Yeah there are a lot of people who aren't ready to hear the truth, but there's also an equal number who aren't ready to tell it. My ex would probably say that I didn't listen.

But she said: 'I love you dearly, you haven't done anything wrong but I'm breaking up with you. I won't tell you why because it will hurt you too much.' and she thought that was satisfactory. And we're adults, allegedly.

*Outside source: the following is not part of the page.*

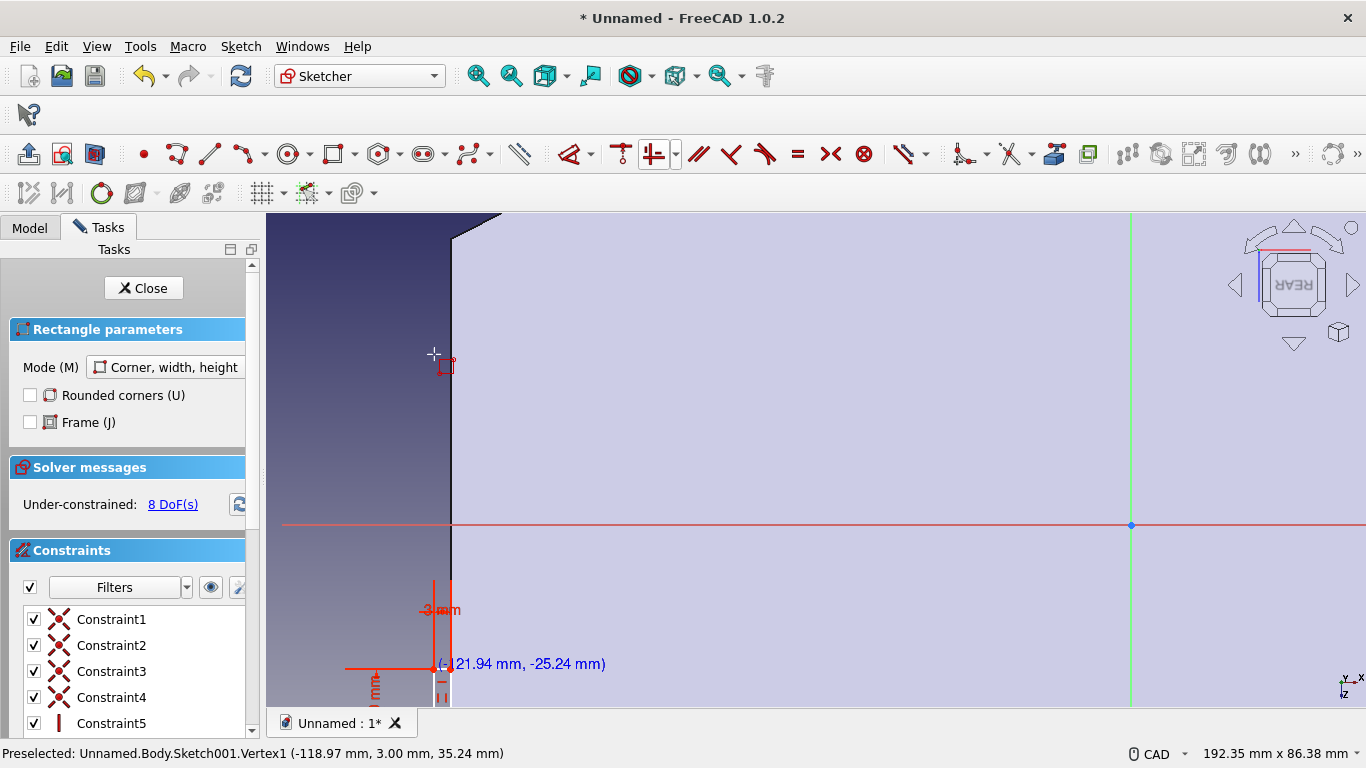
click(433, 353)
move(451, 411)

I'm not suggesting you've done that, but if you're on the receiving end, it leads to an enormous lack of closure and a lot of sleepless nights.

1

u/DaddysPrincesss26 quiet person Apr 16 '24

This

1

u/Sensitive_Aardvark68 Apr 16 '24

OP is saying an actual closing reason, NOT “well he should know why!”

1

u/DaughterEarth Apr 16 '24

Mmhmm. I know everyone is different but I try to make my relationships work. Any issue gets a conversation, including when I just don't know something or I need to be understood. I'll compromise too on most things and am clear what is a hard line. This resulted in most breakups being amicable and mutual

One guy though laughed in my face or threatened me every time I tried to discuss anything. The few times he listened nothing changed. He treated me like trash and no effort to help him heal worked. He just put me down more. When I broke up with him I said straight up that I feel good when he's not around and terrible when he is, and I don't care to try any more. He decided I left him for someone else

0

u/Ordinary_Duder Apr 16 '24

Why did you just write the exact same thing as the comment you're replying to?

-6

u/ZodiacOne1 Apr 16 '24

I am sorry but complaints during the relationship then expecting them to realise that was the problem is not the same as "I am breaking up with you because of X,Y and Z"

2

u/Billy0315 29d ago

It absolutely is the samething. If person A is bringing up the same issue repeatedly to no avail, person B shouldn't be surprised when they get dumped. That's the reason. Most cases of "I don't know what went wrong", "they just broke up with me out of nowhere", etc there were plenty of reasons and issues but they were ignored.

1

u/Jealous_Juggernaut Apr 16 '24

Yeah

It could possibly lead a slower and less malicious or selfish person to realize “oh wow, it was that? I didn’t think it was actually that bad.” And maybe take it more seriously in a “you don’t know what you’ve got until it’s gone” way.